Admète, tu vois où j'en suis ; je veux ; avant de mourir, te dire ce que je souhaite. C'est pour t'honorer et te laisser, au prix de ma vie, voir la lumière, que je meurs. Je pouvais, au lieu de mourir pour toi, me choisir un époux parmi les Thessaliens et habiter ce palais en reine, au sein du bonheur : je n'ai pas voulu vivre séparée de toi, avec mes enfants orphelins ; je me suis sacrifiée, malgré ces dons de la jeunesse qui faisaient ma joie. Toi, cependant, ton père et celle qui t'a donné l'être t'ont trahi, bien que parvenus à un âge où il sied de quitter la vie, où il eût été beau pour eux de sauver un fils en s'offrant à une mort glorieuse. Car tu étais leur unique enfant, et ils ne pouvaient espérer, toi mort, d'en avoir d'autres. Et moi, j'aurais vécu, ainsi que toi, de longs jours, et, privé de ta compagne, tu n'aurais point gémi en élevant des orphelins. Mais un dieu a voulu qu'il en fût autrement. Eh bien, donne-moi maintenant une preuve de ta reconnaissance ; la grâce que je sollicite n'égale pas ce que je fais pour toi, car nul bien n'est plus précieux que la vie, mais ma prière est légitime, tu le reconnaîtras toi-même. Tu aimes ces enfants aussi tendrement que moi, si tu es sensé : souffre qu'ils soient les maîtres dans notre demeure ; ne leur donne pas une marâtre qui ne me vaudra pas et dont l'envie s'appesantirait sur eux, qui sont tes enfants comme les miens. Non, ne fais pas cela, je t'en supplie. Car c'est une ennemie qu'une marâtre pour les enfants de la première épouse ; elle ne le cède point en cruauté à la vipère. Un fils a dans son père un solide appui... ; mais toi, ma fille, quelle existence serait la tienne ? En quelles mains tomberais-tu, si ton père prenait une nouvelle compagne ? Ah ! qu'elle n'aille pas, faisant peser sur toi une injurieuse renommée, flétrir, à la fleur de ton âge, l'espoir de ton hymen ! Hélas ! ta mère ne sera pas là pour te marier, ma fille, pour t'assister dans les douleurs de l'enfantement, où rien n'est plus doux que les encouragements d'une mère. Il me faut mourir, et ce n'est ni demain ni après-demain que ce malheur me menace : c'est tout de suite que je vais être comptée parmi ceux qui ne sont plus. Adieu, vivez heureux ! Toi, cher époux, tu peux te vanter d'avoir eu la meilleure des femmes, et vous, mes enfants, d'être nés de la meilleure des mères.
le coryphée. Aie confiance, car je n'hésite pas à répondre pour lui ; il fera ce que tu lui demandes, s'il n'a pas perdu la raison.

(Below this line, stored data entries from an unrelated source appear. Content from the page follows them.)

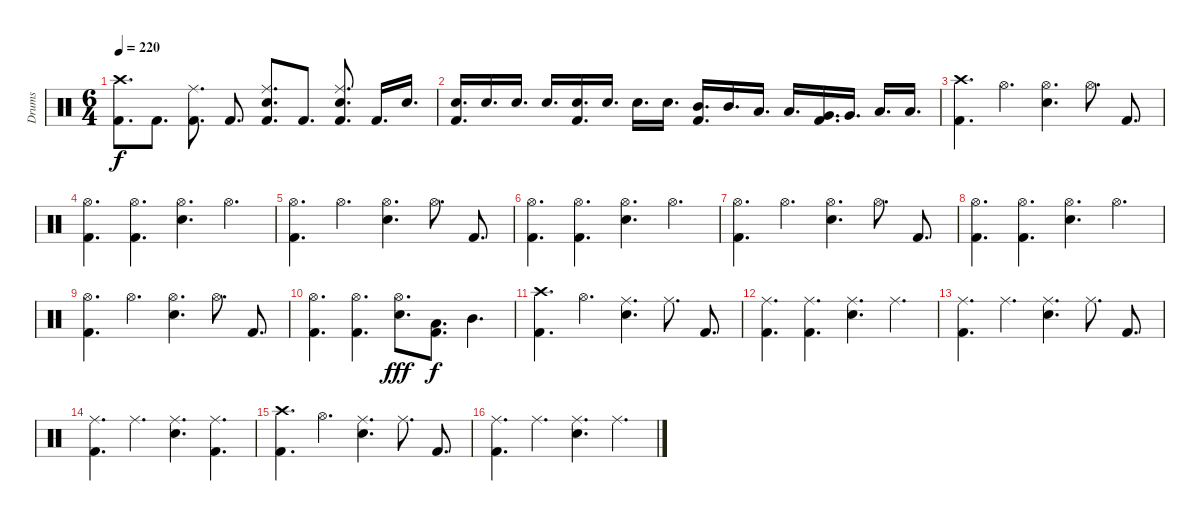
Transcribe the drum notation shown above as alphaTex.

\track ("Drums" "Drums") {instrument percussion}
\staff {score}
\articulation defaults
\ts (6 4)
\tempo 220
\clef neutral
\ks c
("Crash high (hit)" "Kick (hit) 2").8{d dy f} "Kick (hit) 2".8{d} ("Ride (middle)" "Kick (hit) 2").8{d} "Kick (hit) 2".8{d} ("Ride (middle)" "Electric Snare (hit)" "Kick (hit) 2").8{d} "Kick (hit) 2".8{d} ("Ride (middle)" "Electric Snare (hit)" "Kick (hit) 2").8{d} "Kick (hit) 2".16{d} "Electric Snare (hit)".16{d} |
("Electric Snare (hit)" "Kick (hit) 2").16{d} "Electric Snare (hit)".16{d} "Electric Snare (hit)".16{d} "Electric Snare (hit)".16{d} ("Electric Snare (hit)" "Kick (hit) 2").16{d} "Electric Snare (hit)".16{d} "Electric Snare (hit)".16{d} "Electric Snare (hit)".16{d} ("Mid Tom (hit)" "Kick (hit) 2").16{d} "Mid Tom (hit)".16{d} "Low Tom (hit)".16{d} "Low Tom (hit)".16{d} ("Very Low Tom (hit)" "Kick (hit) 2").16{d} "Very Low Tom (hit)".16{d} "Low Floor Tom (hit)".16{d} "Low Floor Tom (hit)".16{d} |
("Crash high (hit)" "Kick (hit) 2").4{d} "Hi-Hat (open)".4{d} ("Hi-Hat (open)" "Electric Snare (hit)").4{d} "Hi-Hat (open)".8{d} "Kick (hit) 2".8{d} |
("Hi-Hat (open)" "Kick (hit) 2").4{d} ("Hi-Hat (open)" "Kick (hit) 2").4{d} ("Hi-Hat (open)" "Electric Snare (hit)").4{d} "Hi-Hat (open)".4{d} |
("Hi-Hat (open)" "Kick (hit) 2").4{d} "Hi-Hat (open)".4{d} ("Hi-Hat (open)" "Electric Snare (hit)").4{d} "Hi-Hat (open)".8{d} "Kick (hit) 2".8{d} |
("Hi-Hat (open)" "Kick (hit) 2").4{d} ("Hi-Hat (open)" "Kick (hit) 2").4{d} ("Hi-Hat (open)" "Electric Snare (hit)").4{d} "Hi-Hat (open)".4{d} |
("Hi-Hat (open)" "Kick (hit) 2").4{d} "Hi-Hat (open)".4{d} ("Hi-Hat (open)" "Electric Snare (hit)").4{d} "Hi-Hat (open)".8{d} "Kick (hit) 2".8{d} |
("Hi-Hat (open)" "Kick (hit) 2").4{d} ("Hi-Hat (open)" "Kick (hit) 2").4{d} ("Hi-Hat (open)" "Electric Snare (hit)").4{d} "Hi-Hat (open)".4{d} |
("Hi-Hat (open)" "Kick (hit) 2").4{d} "Hi-Hat (open)".4{d} ("Hi-Hat (open)" "Electric Snare (hit)").4{d} "Hi-Hat (open)".8{d} "Kick (hit) 2".8{d} |
("Hi-Hat (open)" "Kick (hit) 2").4{d} ("Hi-Hat (open)" "Kick (hit) 2").4{d} ("Hi-Hat (open)" "Electric Snare (hit)").8{d dy fff} ("Low Tom (hit)" "Kick (hit) 2").8{d dy f} "Mid Tom (hit)".4{d} |
("Crash high (hit)" "Kick (hit) 2").4{d} "Hi-Hat (open)".4{d} ("Ride (middle)" "Electric Snare (hit)").4{d} "Ride (middle)".8{d} "Kick (hit) 2".8{d} |
("Ride (middle)" "Kick (hit) 2").4{d} ("Ride (middle)" "Kick (hit) 2").4{d} ("Ride (middle)" "Electric Snare (hit)").4{d} "Ride (middle)".4{d} |
("Ride (middle)" "Kick (hit) 2").4{d} "Ride (middle)".4{d} ("Ride (middle)" "Electric Snare (hit)").4{d} "Ride (middle)".8{d} "Kick (hit) 2".8{d} |
("Ride (middle)" "Kick (hit) 2").4{d} "Ride (middle)".4{d} ("Ride (middle)" "Electric Snare (hit)").4{d} ("Ride (middle)" "Kick (hit) 2").4{d} |
("Crash high (hit)" "Kick (hit) 2").4{d} "Hi-Hat (open)".4{d} ("Ride (middle)" "Electric Snare (hit)").4{d} "Ride (middle)".8{d} "Kick (hit) 2".8{d} |
("Ride (middle)" "Kick (hit) 2").4{d} "Ride (middle)".4{d} ("Ride (middle)" "Electric Snare (hit)").4{d} "Ride (middle)".4{d}

admète. Je le ferai, oui, je le ferai, sois sans crainte. Vivante, tu étais ma femme ; morte, toi seule porteras encore ce nom, et, après toi, nulle vierge thessalienne ne m'appellera son époux, fût-elle de la plus noble origine et supérieure à toutes les autres en beauté. J'ai assez d'enfants ; puissent les dieux me conserver ceux-ci, s'ils n'ont pas conservé leur mère ! Je pleurerai ta mort, non pas une année, mais toute ma vie, femme, détestant celle qui m'a donné le jour et maudissant mon père, car leur tendresse pour moi n'était, je le vois, qu'un mot. C'est toi qui m'as sauvé en sacrifiant à mon existence ce que tu avais de plus cher. Ne dois-je pas gémir quand je perds une épouse telle que toi ? Je renonce aux festins, aux réunions joyeuses, aux couronnes, aux Muses, qui régnaient dans ma demeure. Je ne saurais désormais toucher une lyre ni me plaire à chanter aux sons de la flûte libyenne, car tu m'as ôté la joie de vivre. Modelé par la main d'un habile artiste, ton corps reposera sur ma couche ; étendu à ses côtés, l'enserrant de mes bras, je t'appellerai par ton nom et croirai posséder mon épouse chérie, mais ce ne sera qu'une ombre, froide volupté, qui allégera pourtant le poids de ma douleur. Tu m'apparaîtras en songe, et ta vue me réjouira, car il est doux, la nuit, de voir ceux qu'on aime, même sous l'apparence d'une vaine image. Si j'avais la langue et le talent d'Orphée, si je pouvais, par mes hymnes, séduire la fille de Déméter ou son époux, et te tirer de l'Hadès, je descendrais dans les Enfers, et ni le chien de Pluton ni le vieillard qui manie la rame, le passeur des âmes, ne m'empêcheraient de te ramener vivante à la lumière. Du moins, attends-moi là-bas, quand je mourrai ; prépare la demeure que nous habiterons tous deux. Car je recommanderai à ces enfants de me placer auprès de toi, dans le même coffre de cèdre, et de m'étendre à tes côtés : ainsi, même dans la mort, je ne serai pas séparé de toi, qui seule m'as été fidèle.